Connecticut boasted one of the highest per capita rates of donation to Near East Relief in the country. The State raised more than $628,000 for Near East Relief from 1915 and 1921; this included an astonishing $44,487 for the 1920 Christmas campaign.

Connecticut’s politicians were also active in Near East Relief. In October 1921, Governor Everett John Lake attended a State conference on Near East Relief in Hartford. The conference included an advance screening of Near East Relief’s film, Alice in Hungerland, which told the story of a fictional American child’s visit to real Near East Relief orphanages in Turkey and Armenia. The film went on to become an international sensation.

Former Near East Relief Associate General Secretary Harold C. Jaquith and his wife pooled their resources with a few friends to purchase a bucolic farm in Kent, CT. The group built a few small cabins and converted the property into a retreat for returned relief workers; it was a comfortable place to relax, socialize, and reminisce about experiences in the field.

Prominent Near East Relief Workers From Connecticut

Connecticut produced many heroic Near East Relief workers. These are just a few.

Mr. & Mrs. Lindon S. Crawford, of Hartford, CT, began their careers as missionaries in Trebizond (now Trabzon, Turkey) in 1879. The Crawfords, like many missionaries in Asia Minor, helped to administer relief to Armenian orphans and refugees in the immediate aftermath of the Genocide.
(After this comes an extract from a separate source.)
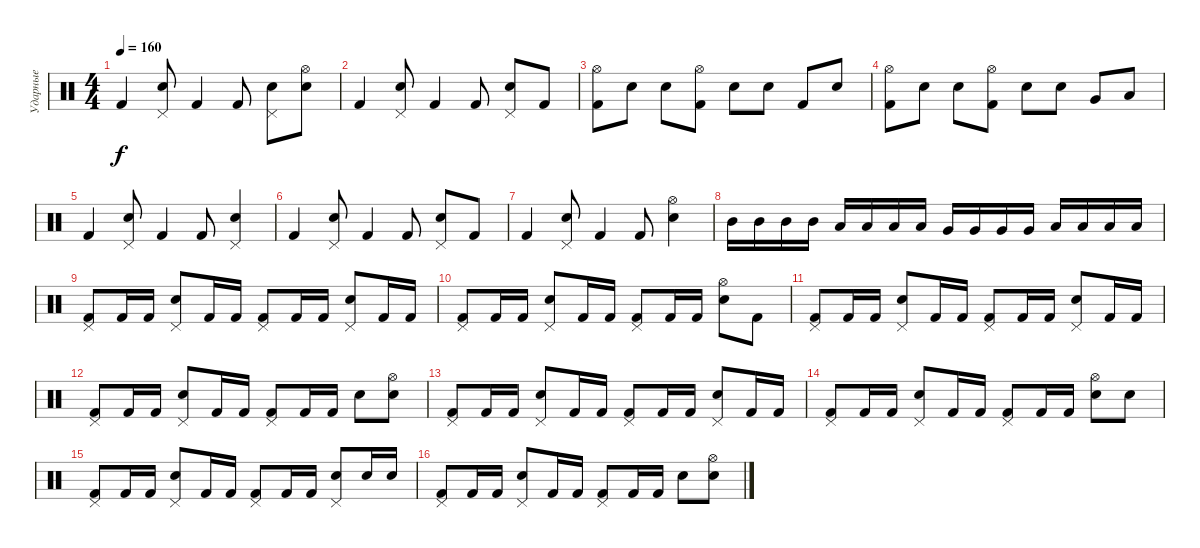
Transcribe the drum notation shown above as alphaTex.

Mr. Crawford died in Trebizond in 1918. Mrs. Crawford (née Olive N. Twichell) continued to work at the Near East Relief orphanage in Trebizond. Mrs. Crawford contracted typhus while helping Greek and Armenian refugees from the Turkish interior as they awaited transport to safety. She died in 1923.

Miss Elizabeth Murlless of Hartford, CT, signed with Near East Relief in Constantinople in April 1922. She did orphanage work at Trebizond and Samsoun. When the burning of Smyrna created a state of emergency for all orphans, refugees, and relief workers in Turkey, Miss Murlless helped to evacuate 2,000 orphans from Samsoun to safety in Greece.

Mr. Edward T. Perry of Hartford, CT, traveled to the Near East as a member of the Leviathan party on February 16, 1919 – this was the first large group of Near East Relief workers to enter the region after the end of World War I. Mr. Perry was sent to the Caucasus region, where he oversaw the health and wellness of 850 orphans. He was placed in charge of industrial work in Erivan where, unfortunately, he contracted typhus. He returned to the States in May 1920 and took a job in the personnel department of the Near East Relief. He soon enrolled at the Theological Seminary of Hartford with the intention of returning to the Near East as a missionary.

Christopher C. Thurber of Norwich, CT, sailed to Constantinople (now Istanbul) at the start of World War I. He worked with typhus-stricken Near East Relief orphans. Thurber himself contracted typhus, but he recovered in time to direct the safe transfer of 7,000 children from Sivas, Turkey, to Greece after the Smyrna Disaster – a massive fire that destroyed the Armenian and Greek quarters of that city in September 1922. Thurber also earned respect for his attempt to save a refugee woman from being beaten by soldiers in Scutari, Turkey. Thurber was flogged as punishment for the attempted rescue. He sustained permanent damage to his feet and walked with a cane for the rest of his life.

In 1924, Thurber traveled to Greece to become director of Near East Relief’s work in the region. There, he supervised the education of children in orphanages and also established homes in Athens for orphanage graduates. Thurber was in the midst of planning a new tuberculosis pavilion for children when he suffered a stroke and died on May 31, 1930. His contribution to public education and health was so pervasive that the Greek government held a state funeral and declared a national day of mourning in his honor.

“Words are insufficient to praise adequately [Near East Relief’s] good Samaritanism. Many Hartford contributors shared in it and must find deep satisfaction and gratitude in the inspiring story of humanitarian effort the success of the Near East Relief has revealed.”